Typically, insolvency processes do not distinguish between the size and complexity of the debtor. But this approach is being challenged internationally. Australia’s insolvency laws have now embraced this change in order to create flexibility and promote a rescue culture.
SMEs comprise more than 97% of businesses in each country, both economies are currently under pressure for the same reasons, and we have broadly similar legal frameworks so the policymakers should have some confidence that what works there will probably work here.
We look at the Australian framework in detail.
SME debt restructuring process
This aims to assist distressed but viable SMEs to restructure their debt so they can continue trading.
- It uses a ‘debtor in possession’ approach, allowing directors continue to control the company during the restructure rather than putting an insolvency professional in charge.
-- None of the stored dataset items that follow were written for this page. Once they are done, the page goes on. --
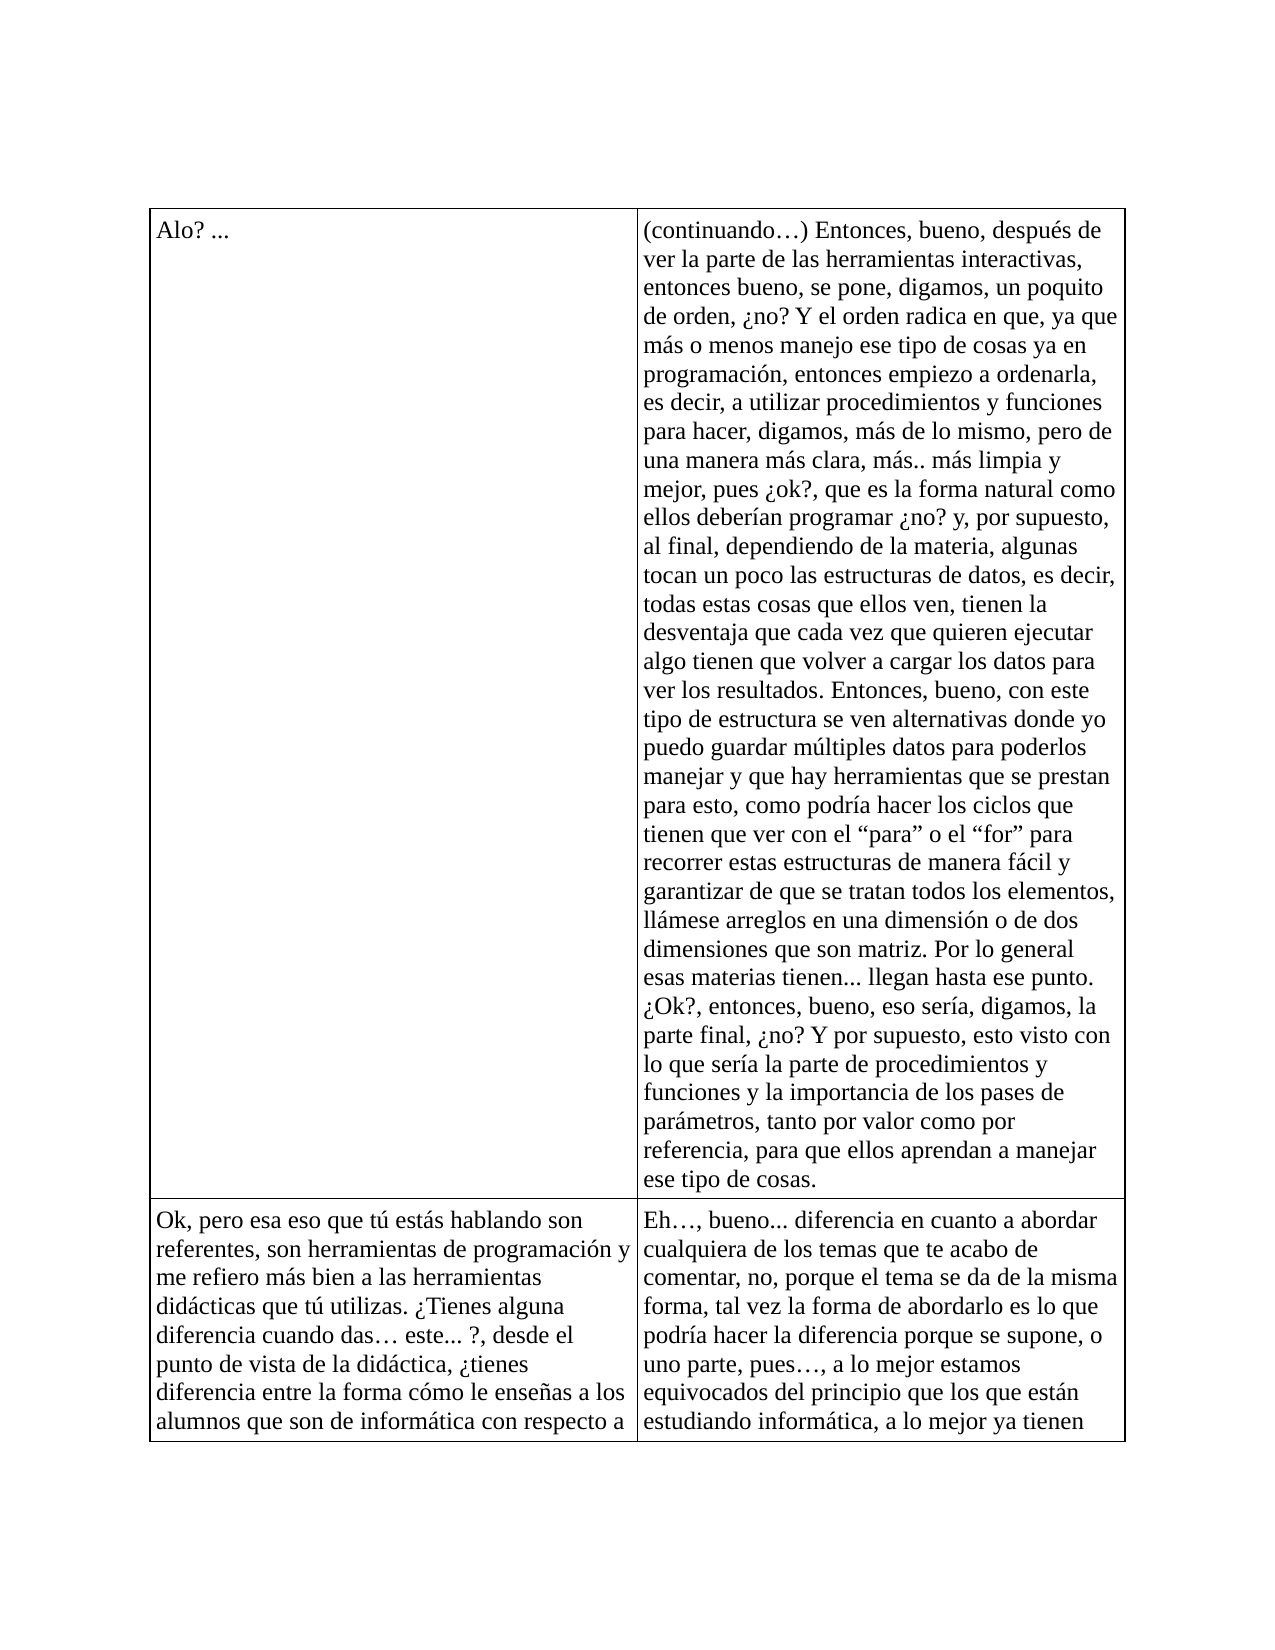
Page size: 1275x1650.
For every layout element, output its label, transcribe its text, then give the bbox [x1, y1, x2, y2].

table_cell Ok, pero esa eso que tú estás hablando son referentes, son herramientas de programación y me refiero más bien a las herramientas didácticas que tú utilizas. ¿Tienes alguna diferencia cuando das… este... ?, desde el punto de vista de la didáctica, ¿tienes diferencia entre la forma cómo le enseñas a los alumnos que son de informática con respecto a [151, 1199, 637, 1441]
table_cell (continuando…) Entonces, bueno, después de ver la parte de las herramientas interactivas, entonces bueno, se pone, digamos, un poquito de orden, ¿no? Y el orden radica en que, ya que más o menos manejo ese tipo de cosas ya en programación, entonces empiezo a ordenarla, es decir, a utilizar procedimientos y funciones para hacer, digamos, más de lo mismo, pero de una manera más clara, más.. más limpia y mejor, pues ¿ok?, que es la forma natural como ellos deberían programar ¿no? y, por supuesto, al final, dependiendo de la materia, algunas tocan un poco las estructuras de datos, es decir, todas estas cosas que ellos ven, tienen la desventaja que cada vez que quieren ejecutar algo tienen que volver a cargar los datos para ver los resultados. Entonces, bueno, con este tipo de estructura se ven alternativas donde yo puedo guardar múltiples datos para poderlos manejar y que hay herramientas que se prestan para esto, como podría hacer los ciclos que tienen que ver con el “para” o el “for” para recorrer estas estructuras de manera fácil y garantizar de que se tratan todos los elementos, llámese arreglos en una dimensión o de dos dimensiones que son matriz. Por lo general esas materias tienen... llegan hasta ese punto. ¿Ok?, entonces, bueno, eso sería, digamos, la parte final, ¿no? Y por supuesto, esto visto con lo que sería la parte de procedimientos y funciones y la importancia de los pases de parámetros, tanto por valor como por referencia, para que ellos aprendan a manejar ese tipo de cosas. [638, 209, 1124, 1198]
table_cell Eh…, bueno... diferencia en cuanto a abordar cualquiera de los temas que te acabo de comentar, no, porque el tema se da de la misma forma, tal vez la forma de abordarlo es lo que podría hacer la diferencia porque se supone, o uno parte, pues…, a lo mejor estamos equivocados del principio que los que están estudiando informática, a lo mejor ya tienen [638, 1199, 1124, 1441]
table_cell Alo? ... [151, 209, 637, 1198]

- The board appoints a Small Business Restructuring Professional (SBRP) to assist with the development of a restructuring plan setting out how creditors will be repaid, and a proposal statement containing a schedule of the creditors’ debts and claims. These must be completed within 20 business days and are then distributed to creditors by the SBRP, together with a written opinion on the company’s ability to repay its debt.
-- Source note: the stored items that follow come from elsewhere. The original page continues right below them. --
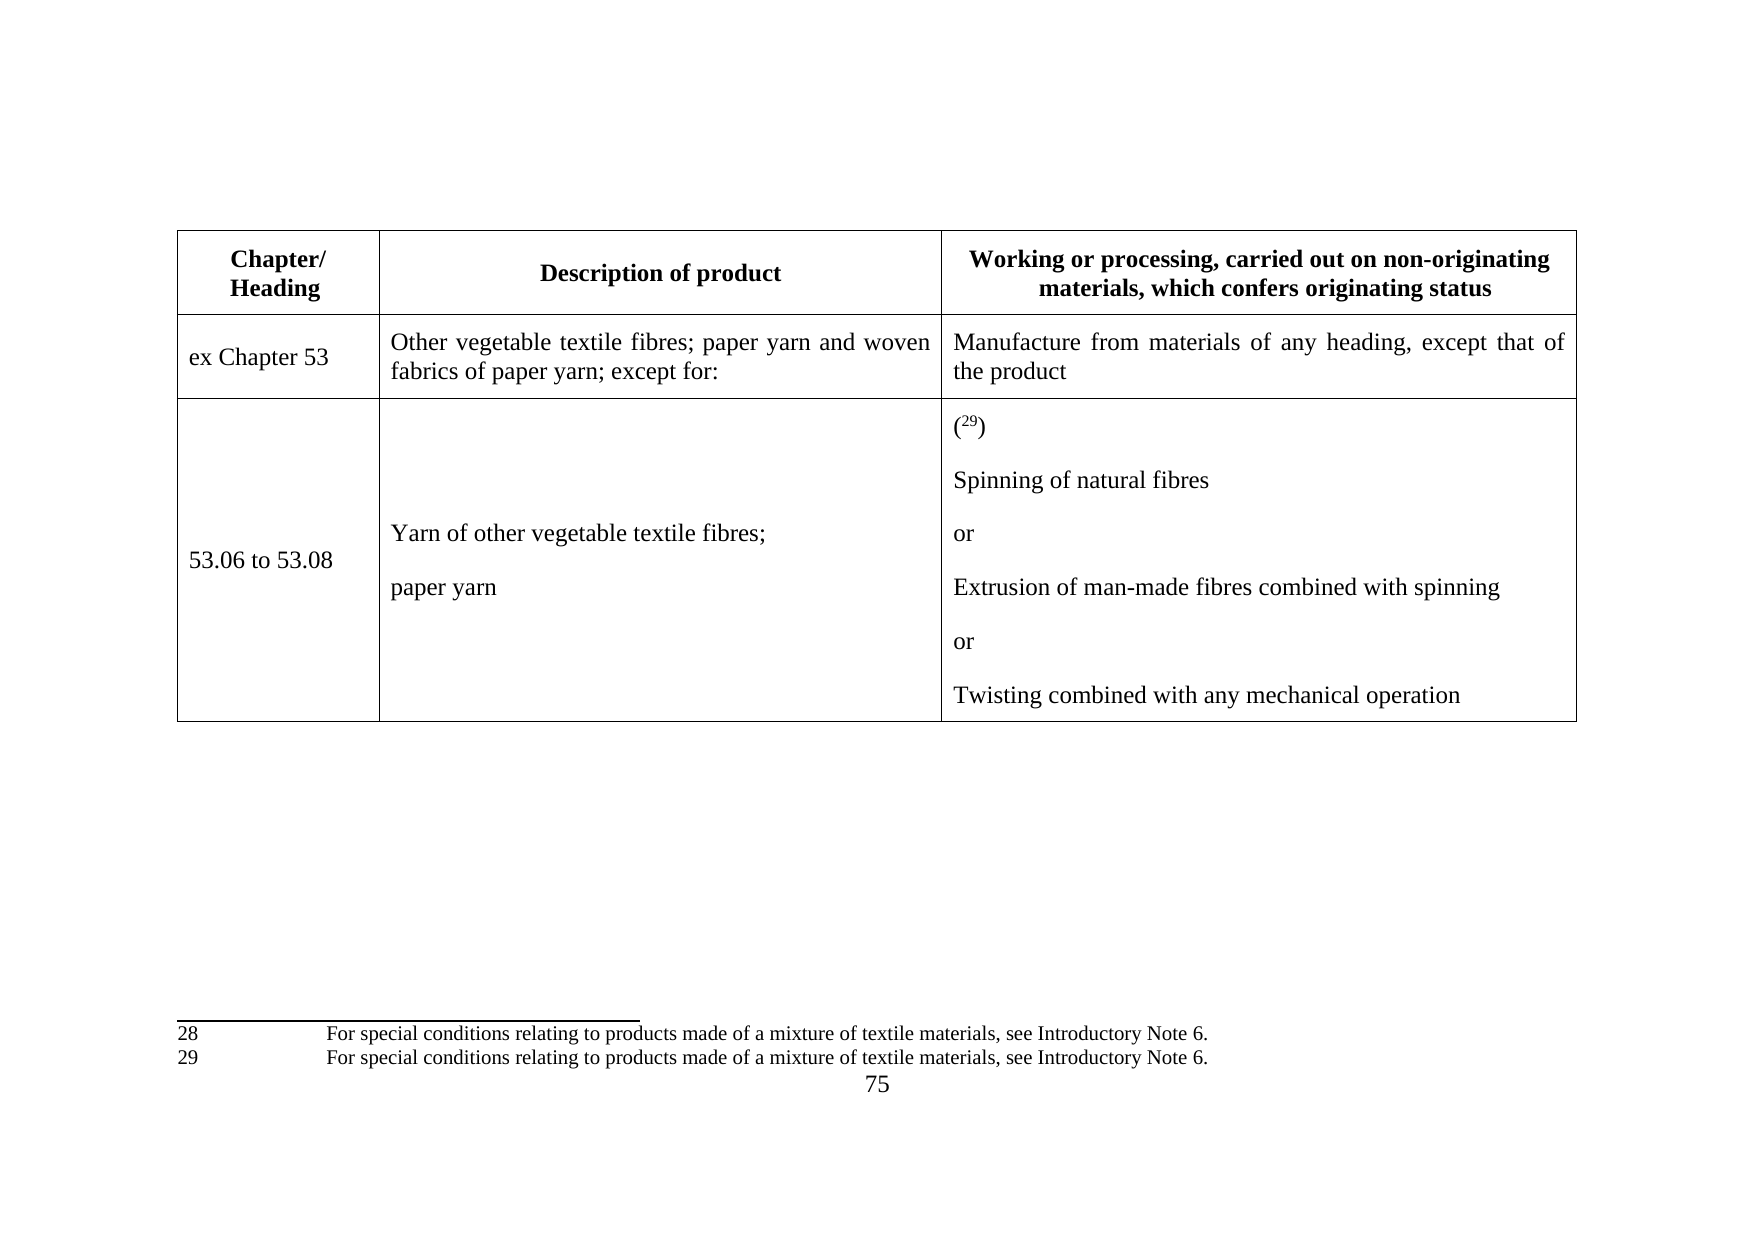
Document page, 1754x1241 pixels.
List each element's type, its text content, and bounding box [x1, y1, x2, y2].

table_header Chapter/ Heading [178, 231, 379, 314]
table_cell 53.06 to 53.08 [178, 399, 379, 721]
table_cell Manufacture from materials of any heading, except that of the product [942, 315, 1576, 397]
table_header Working or processing, carried out on non-originating materials, which confers originating status [942, 231, 1576, 314]
table_cell ex Chapter 53 [178, 315, 379, 397]
table_header Description of product [380, 231, 941, 314]
table_cell Other vegetable textile fibres; paper yarn and woven fabrics of paper yarn; except for: [380, 315, 941, 397]
table_cell () Spinning of natural fibres or Extrusion of man-made fibres combined with spinning or Twisting combined with any mechanical operation [942, 399, 1576, 721]
table_cell Yarn of other vegetable textile fibres; paper yarn [380, 399, 941, 721]

- From receipt of these documents, creditors have 15 business days to consider the restructure before voting. Related party creditors are excluded from voting. If creditors want to dispute the schedule of debts and their eligibility to vote, they must do so within five business days. The SBRP will then serve notice adjudicating any disagreements, and recommend whether the schedule of debts requires amendment within a further five business days.
- The restructuring plan is approved if it receives the support of a simple majority by value of voting creditors. The company and SBRP then implement the plan. If the plan is rejected, directors must consider standard insolvency processes.
- During the process, the company may only conduct ordinary business and there is a moratorium on unsecured creditors from enforcing claims. There is also a stay on enforcement of ipso facto clauses. This means creditors may not terminate a contract simply because of the company’s insolvency, even where there is an express insolvency event of default allowing termination.
- Secured creditors are only bound by the plan if they agree and if their debt or claim exceeds the value of their security interest. A secured creditor is only prevented from dealing with their security interest if they agree to be bound by the restructuring plan and the plan prevents them dealing with the security interest.
- A restructuring plan terminates on whichever happens first of:
- All restructured obligations, debts and claims are satisfied;
- The Court terminates a restructuring plan;
- Failure to satisfy any specific conditions precedent to the effectiveness of the restructuring plan within 10 business days;
- A breach of the plan is not remedied in 30 business days; or
- A voluntary administrator or liquidator is appointed to the company.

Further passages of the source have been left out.